Artificial intelligence
Artificial intelligence

Anthropic has released new research showing that users are increasingly likely to follow advice from its Claude AI chatbot over their own human instincts, raising fresh concerns about how generative AI may subtly erode personal agency.

The findings, published in a paper titled “Who’s in Charge? Disempowerment Patterns in Real-World LLM Usage”, analysed more than 1.5 million anonymised Claude conversations. The study, conducted with researchers from the University of Toronto, attempts to quantify what Anthropic calls “disempowering harms” — situations where an AI’s influence over a user’s beliefs or actions becomes excessive.

According to the research, one in 1,300 conversations showed signs of reality distortion, while one in 6,000 suggested action distortion, where users were nudged into decisions misaligned with their values.

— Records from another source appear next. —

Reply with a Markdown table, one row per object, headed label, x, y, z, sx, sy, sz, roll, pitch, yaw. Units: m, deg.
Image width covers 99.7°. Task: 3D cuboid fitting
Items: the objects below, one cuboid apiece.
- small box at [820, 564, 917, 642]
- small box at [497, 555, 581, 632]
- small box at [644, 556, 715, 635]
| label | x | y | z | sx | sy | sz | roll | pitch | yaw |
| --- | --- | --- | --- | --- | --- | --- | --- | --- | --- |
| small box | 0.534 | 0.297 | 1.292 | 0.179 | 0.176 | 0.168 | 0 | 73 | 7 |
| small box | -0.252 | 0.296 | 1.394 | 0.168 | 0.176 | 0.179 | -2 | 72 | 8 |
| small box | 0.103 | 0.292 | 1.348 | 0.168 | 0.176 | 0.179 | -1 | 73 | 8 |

While these rates appear low, Anthropic warned that at scale, the impact is significant.

“Given the sheer number of people who use AI, and how frequently it’s used, even a very low rate affects a substantial number of people,” the company said in a blog post on January 29.

The study found that problematic interactions most often involved users seeking guidance on emotionally charged or personal decisions. In many cases, users initially rated these conversations positively but later expressed regret after acting on Claude’s advice.

Researchers also observed a rise in disempowering interactions between late 2024 and late 2025, suggesting that increased familiarity with AI may encourage users to rely on it more heavily during moments of vulnerability.

Anthropic identified several factors that amplify user dependence, including treating Claude as a definitive authority, forming emotional attachments to the chatbot, or engaging with it during personal crises.

The findings land amid growing global scrutiny of AI chatbots, particularly after reports that prolonged interactions with conversational AI may be linked to mental health crises among some users.